| Activity |
Exact copy, no pictures: reproduce every record below as it stands.
——————
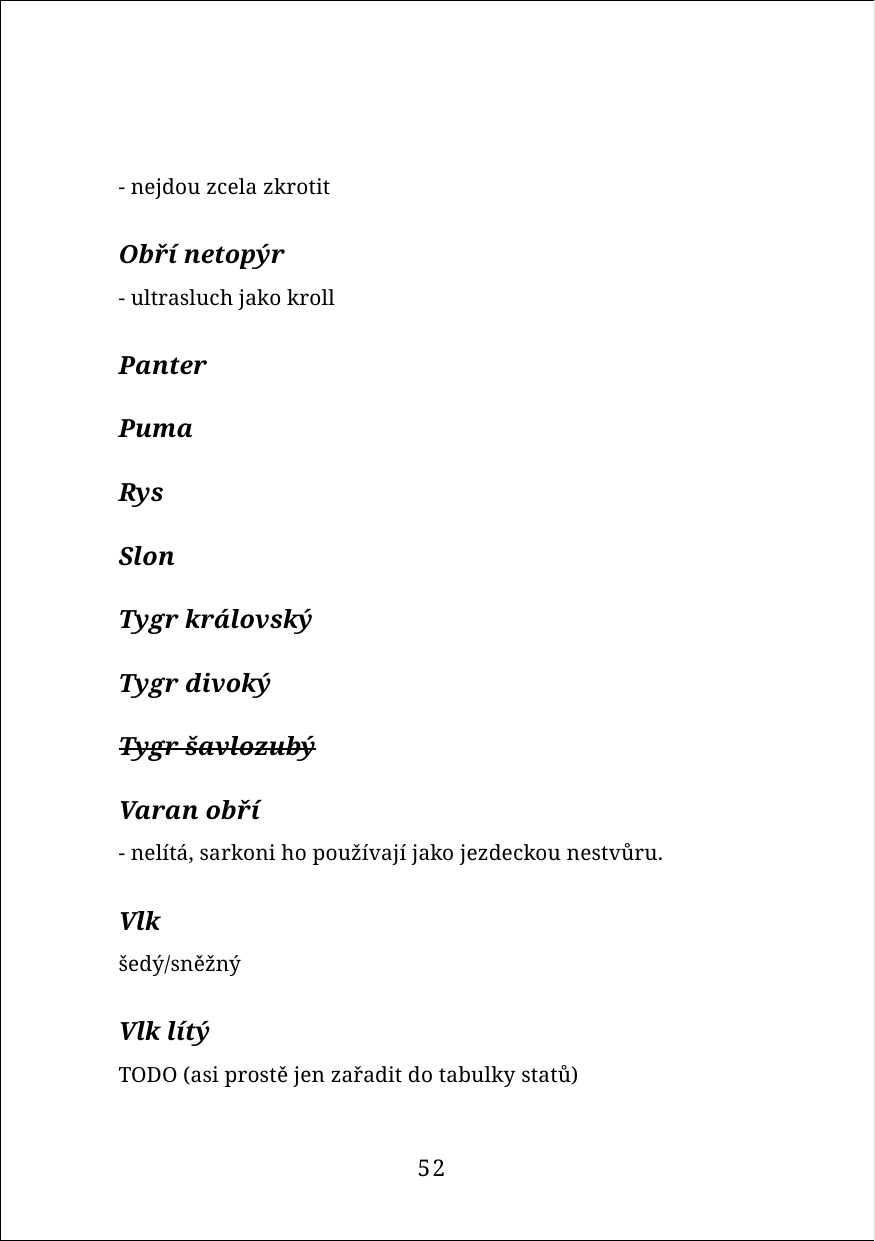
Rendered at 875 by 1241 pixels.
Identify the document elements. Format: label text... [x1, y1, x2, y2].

subtitle Tygr královský [118, 602, 756, 636]
subtitle Vlk [118, 903, 756, 937]
text šedý/sněžný [118, 949, 756, 977]
subtitle Varan obří [118, 792, 756, 826]
subtitle Vlk lítý [118, 1014, 756, 1048]
text - nejdou zcela zkrotit [118, 172, 756, 200]
subtitle Panter [118, 348, 756, 382]
text - nelítá, sarkoni ho používají jako jezdeckou nestvůru. [118, 838, 756, 867]
subtitle Tygr divoký [118, 665, 756, 699]
subtitle Slon [118, 538, 756, 572]
subtitle Obří netopýr [118, 237, 756, 271]
subtitle Puma [118, 411, 756, 445]
subtitle Rys [118, 475, 756, 509]
subtitle Tygr šavlozubý [118, 729, 756, 763]
text - ultrasluch jako kroll [118, 283, 756, 311]
text TODO (asi prostě jen zařadit do tabulky statů) [118, 1060, 756, 1088]
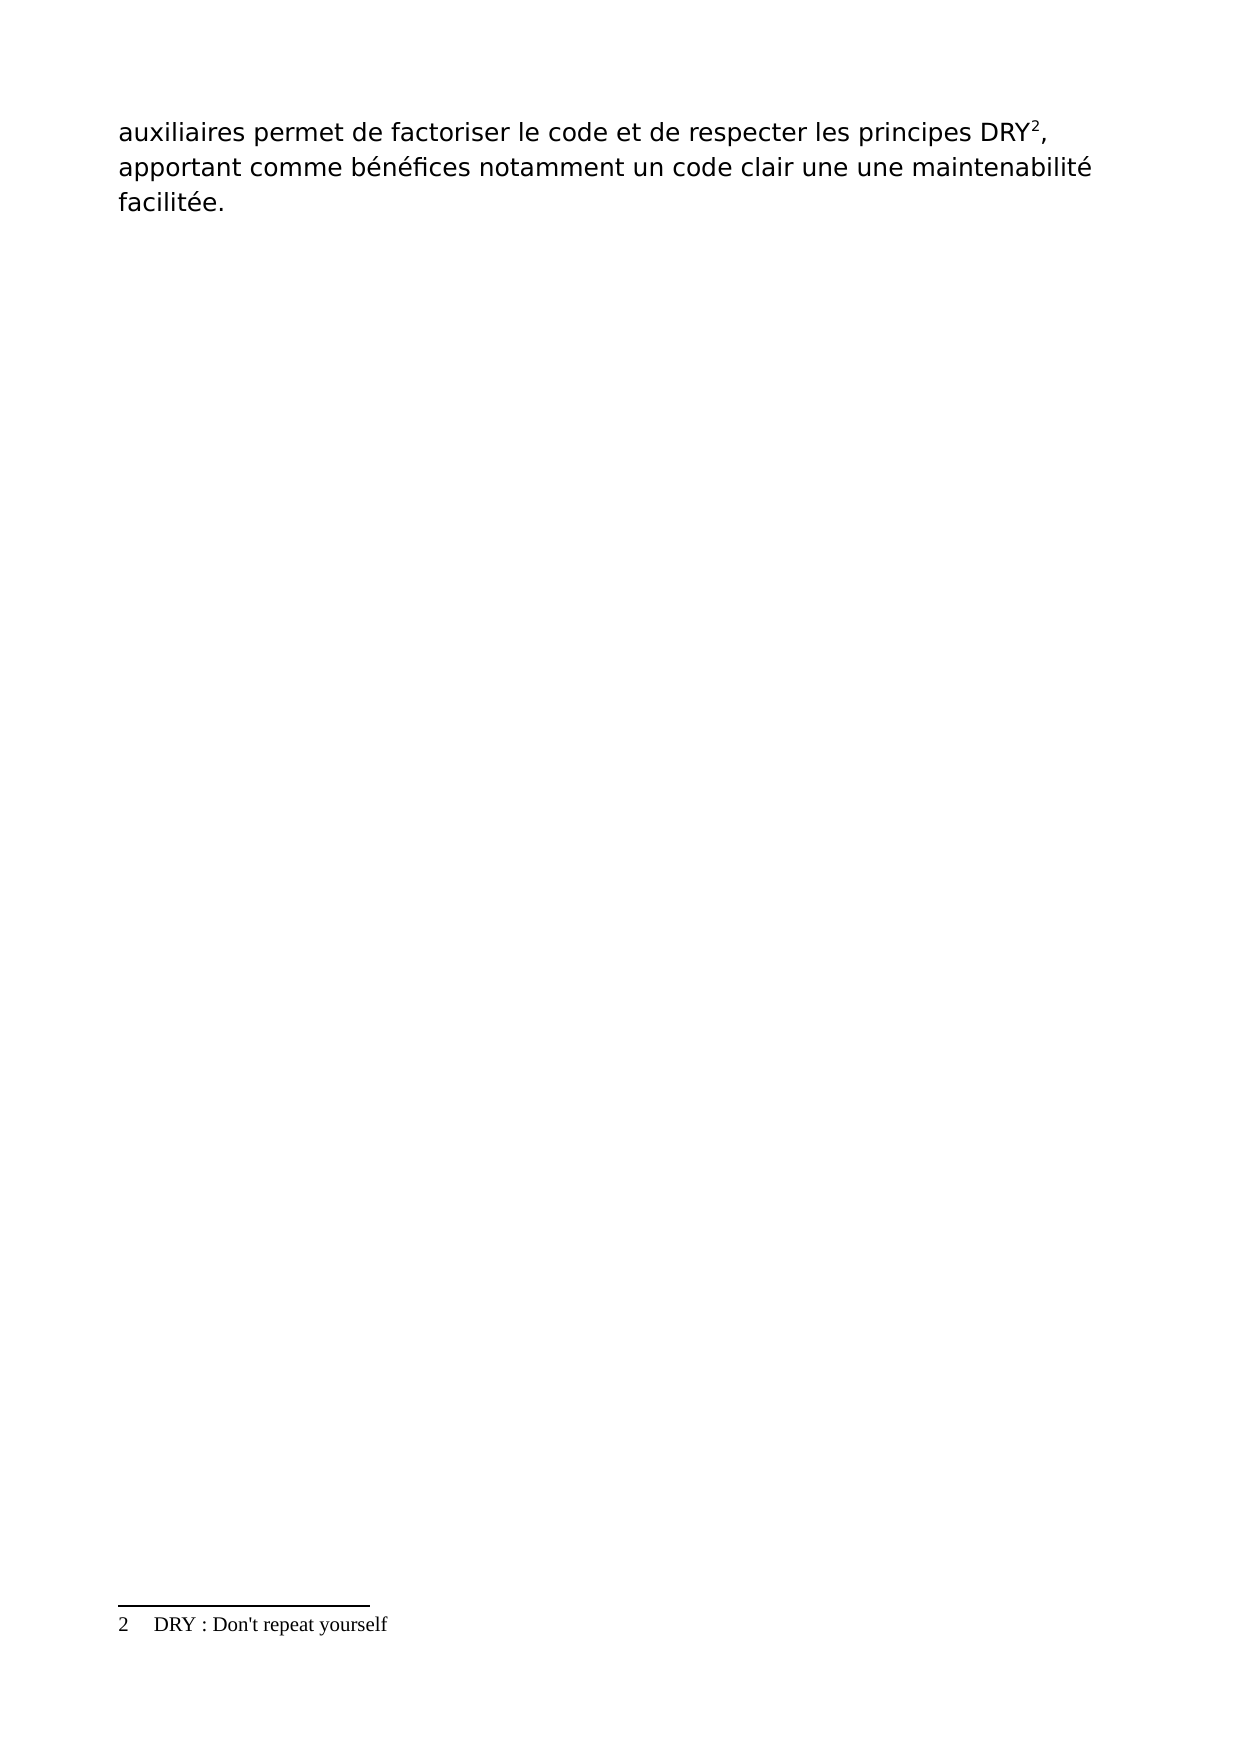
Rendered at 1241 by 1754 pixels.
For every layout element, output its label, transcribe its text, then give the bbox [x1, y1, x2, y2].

text DRY : Don't repeat yourself [118, 1612, 1122, 1636]
text auxiliaires permet de factoriser le code et de respecter les principes DRY, apportant comme bénéfices notamment un code clair une une maintenabilité facilitée. [118, 118, 1122, 217]
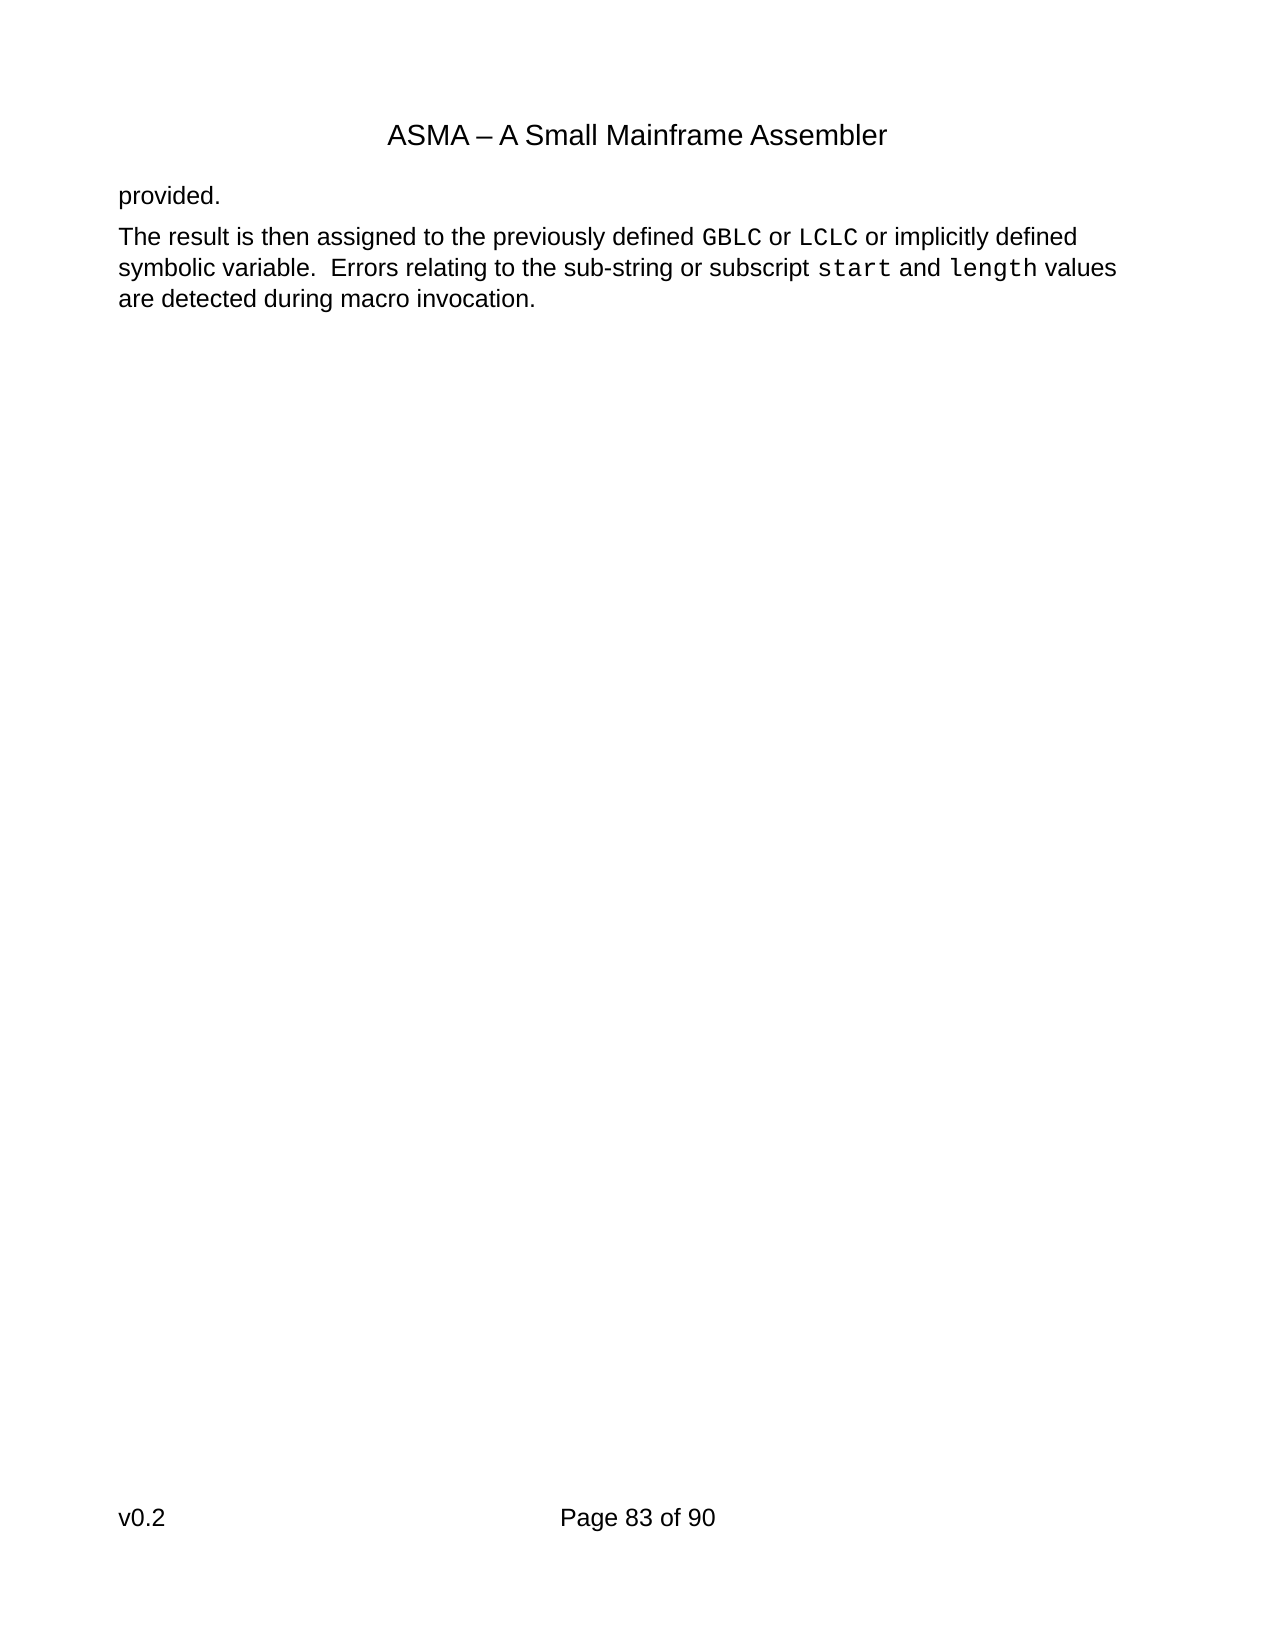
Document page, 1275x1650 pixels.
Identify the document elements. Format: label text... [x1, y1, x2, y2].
——————
| Result of the exercise |
Rendered at 875 by 1241 pixels.
Identify the document elements. Format: label text... [x1, y1, x2, y2].

subtitle Tygr královský [118, 602, 756, 636]
subtitle Vlk [118, 903, 756, 937]
text šedý/sněžný [118, 949, 756, 977]
subtitle Varan obří [118, 792, 756, 826]
subtitle Vlk lítý [118, 1014, 756, 1048]
text - nejdou zcela zkrotit [118, 172, 756, 200]
subtitle Panter [118, 348, 756, 382]
text - nelítá, sarkoni ho používají jako jezdeckou nestvůru. [118, 838, 756, 867]
subtitle Tygr divoký [118, 665, 756, 699]
subtitle Slon [118, 538, 756, 572]
subtitle Obří netopýr [118, 237, 756, 271]
subtitle Puma [118, 411, 756, 445]
subtitle Rys [118, 475, 756, 509]
subtitle Tygr šavlozubý [118, 729, 756, 763]
text - ultrasluch jako kroll [118, 283, 756, 311]
text TODO (asi prostě jen zařadit do tabulky statů) [118, 1060, 756, 1088]
Rendered at 1241 by 1754 pixels.
For every layout element, output its label, transcribe its text, then give the bbox [x1, y1, x2, y2].

text DRY : Don't repeat yourself [118, 1612, 1122, 1636]
text auxiliaires permet de factoriser le code et de respecter les principes DRY, apportant comme bénéfices notamment un code clair une une maintenabilité facilitée. [118, 118, 1122, 217]
Document page, 1275x1650 pixels.
Identify the document elements. Format: label text... [x1, y1, x2, y2].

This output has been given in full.